CK: There are many references to texts from world literature in your works. What books have you been reading lately?

LA: I am an avid reader of literature from around the world. My American education exposed me to many great literary works and writers in the world. And I like to think that I am participating in world literature even though I happen to write in a small language.

As for the recent books I have been reading, Colson Whitehead’s The Underground Railroad is one of the fascinating novels I have read most recently. During my time in the Boston area I saw some houses that had been used as “underground railroads,” so I easily identify with the novel. Right now, I am halfway through Pamuk’s Istanbul, a wonderful memoir. Another great novel I have read recently is The Sympathizer by Viet Thanh Nguyen. It was my only exposure to Vietnamese lives during and after the war, especially Vietnamese people who migrated to the US during those days. For me, it is a modern-day Heart of Darkness. George Saunders’s Lincoln in the Bardo was magical in its craftsmanship. In addition to those, I have recently discovered Muriel Spark, a writer from the generation previous to mine. After reading The Mandelbaum Gate, I thought I would read some more by her. I try to stay connected to the literary scenes in the West. But living in a provincial town in Sri Lanka, it is very difficult to continue that, and COVID-19 has kept my foreign friends from visiting me! There are several friends who visit me regularly from the US and UK with books and news about books. But I regularly listen to NPR programs on books.


[1] For more on ultraminor literature, see “Defining the Ultraminor” by Bergur Rønne Moberg and David Damrosch.



Liyanage Amarakeerthi is a contemporary Sri Lankan writer. He is the author of eight collections of short stories, five novels, and two collections of poetry. He is also a writer of two children’s books, six academic books, and ten translations into Sinhalese. His novel Atawaka Puththu (Half-moon Sons) won the Best Sinhala Novel award at the 2008 State Literary Festival. He is also the recipient of the National Award for Literature in 2000, Swarna Pusthaka Awards in 2014 and 2016, and the Vidyodaya Literary Award in 2014 for his fiction and prose works.
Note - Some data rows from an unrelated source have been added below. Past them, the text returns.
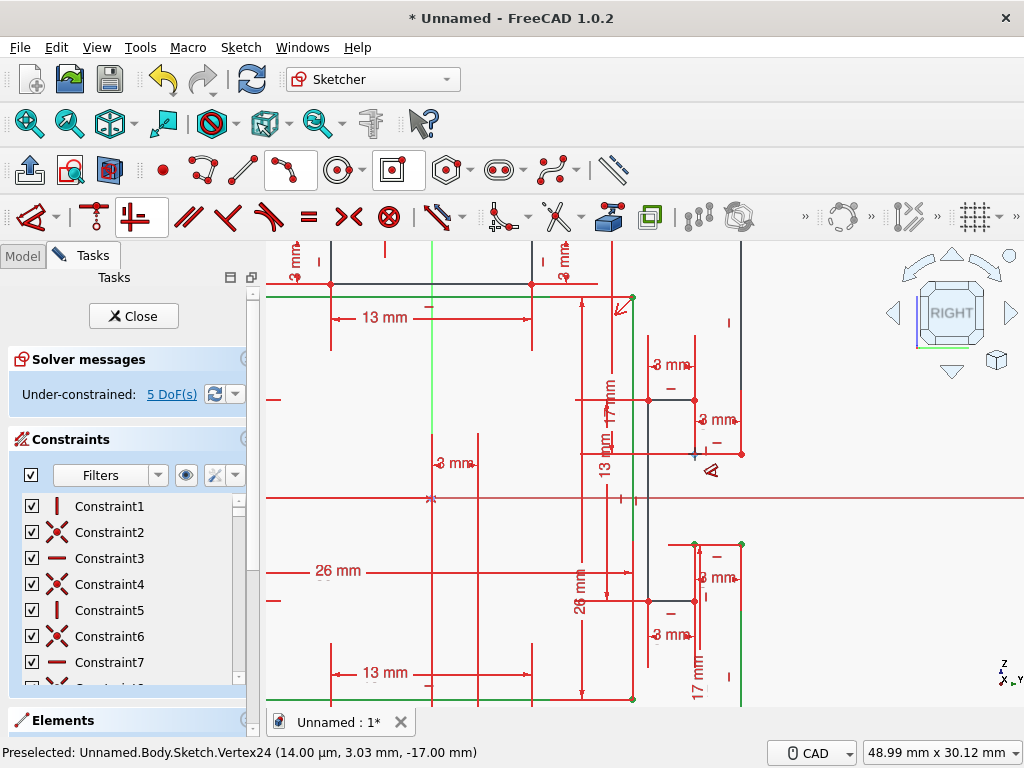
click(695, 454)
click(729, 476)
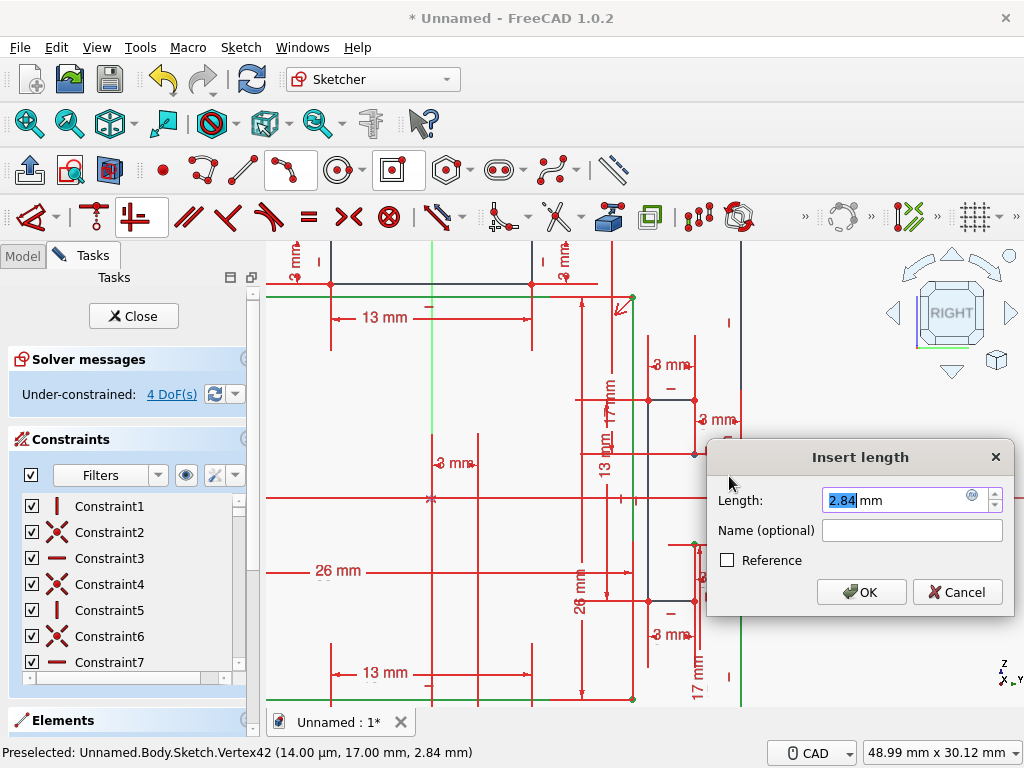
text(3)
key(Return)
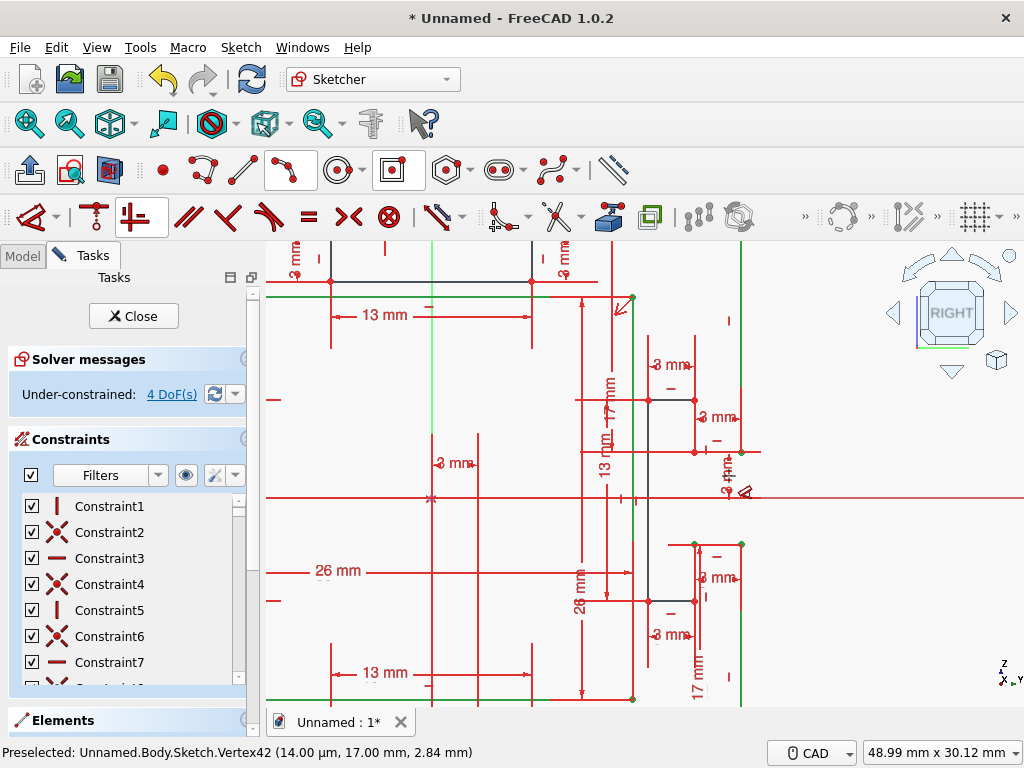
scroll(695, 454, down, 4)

Chamini Kulathunga is a Sri Lankan translator. She is a graduate of the Iowa Translation Workshop and a summer visiting fellow at Cornell University’s South Asia Program. Chamini was the former Blog Editor and a staff editor of Exchanges: Journal of Literary Translation and is Asymptote’s Editor-at-Large for Sri Lanka. Her writings, interviews, and translations have appeared in Asymptote, Los Angeles Review of Books, Los Angeles Review, Project Plume, Exchanges, DoubleSpeak, Bengaluru Review, and elsewhere.